I Borghese e l’Antico
Skira 2011
edizione italiana a cura di Scriptum
Non è mai successo, e non succederà mai più: dalla fine del 2011, per tre mesi la Galleria Borghese è stata com’era nel 1807, anno di una tra le più sensazionali cessioni che si ricordino: quando Camillo vende i propri capolavori d’arte antica (154 statue, 160 busti, 170 bassorilievi, 30 colonne e vari vasi) al Louvre, che forma così l’ossatura della sua collezione archeologica.
“Da quella vendita derivano le prime leggi di tutela dello Stato Pontificio”, spiega la direttrice Anna Coliva; “Da quattro anni lavoriamo a questa ricostruzione filologica con il museo parigino: ci presterà 65 opere, alte anche tre metri”. Quando sarà possibile, “le collocheremo dove erano”. Tornerà anche l’Ermafrodito, che Bernini restaura nel 1619, e con lui, il Seneca morente (“che non è affatto Seneca”, precisa il famoso docente d’archeologia Antonio Giuliano); le Muse del II secolo d.C.; una Baccante alta due metri e 20; le Tre Grazie; il Supplizio di Marsia; l’immenso Vaso Borghese con scene dionisiache del 30 a.C., trovato agli Horti Sallustiani nel 1569, in marmo pentelico d’Atene, alto ben 172 centimetri e largo 136. Questo ed altro, formava quella collezione che Scipione, ‘cardinal nepote’ di Papa Paolo V, nel Seicento concepiva come “teatro dell’universo con ogni sorta di delitia che desiderare et havere in questa vita si possa”. A cedere questo patrimonio è Camillo, dal 1803 secondo marito di Paolina Bonaparte, una dei 13 figli di Madame Mère, Letizia Ramolino, mamma di Napoleone.

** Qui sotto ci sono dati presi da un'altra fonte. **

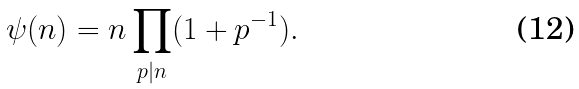<formula> <loc_0><loc_0><loc_500><loc_500>\psi ( n ) = n \prod _ { p | n } ( 1 + p ^ { - 1 } ) .</formula> 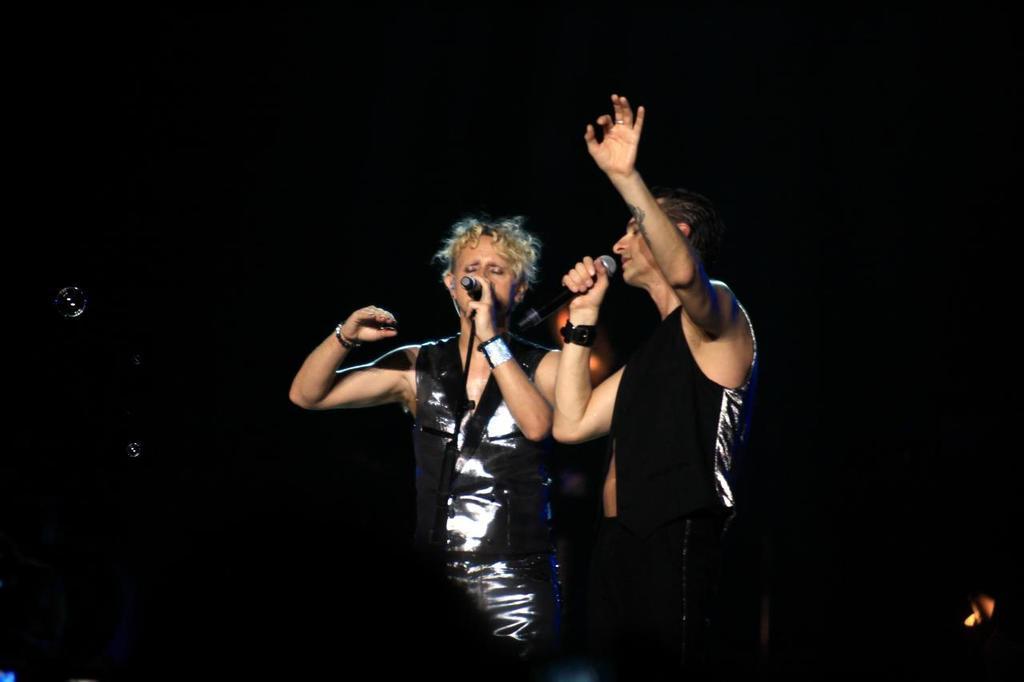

«Abbiamo già cominciato a spostare alcune sculture: per la prima volta, il Louvre si priva di una parte tanto ingente delle sue collezioni; ma noi dobbiamo anche provvedere a ricollocare le 65 statue dove già erano», conclude Coliva; almeno con una mostra, Roma (e il mondo) si ricompensano: si colma la lacuna di quella vendita davvero sensazionale, si vedrà come era la Villa, sogno di tutti i viaggiatori dell’epoca.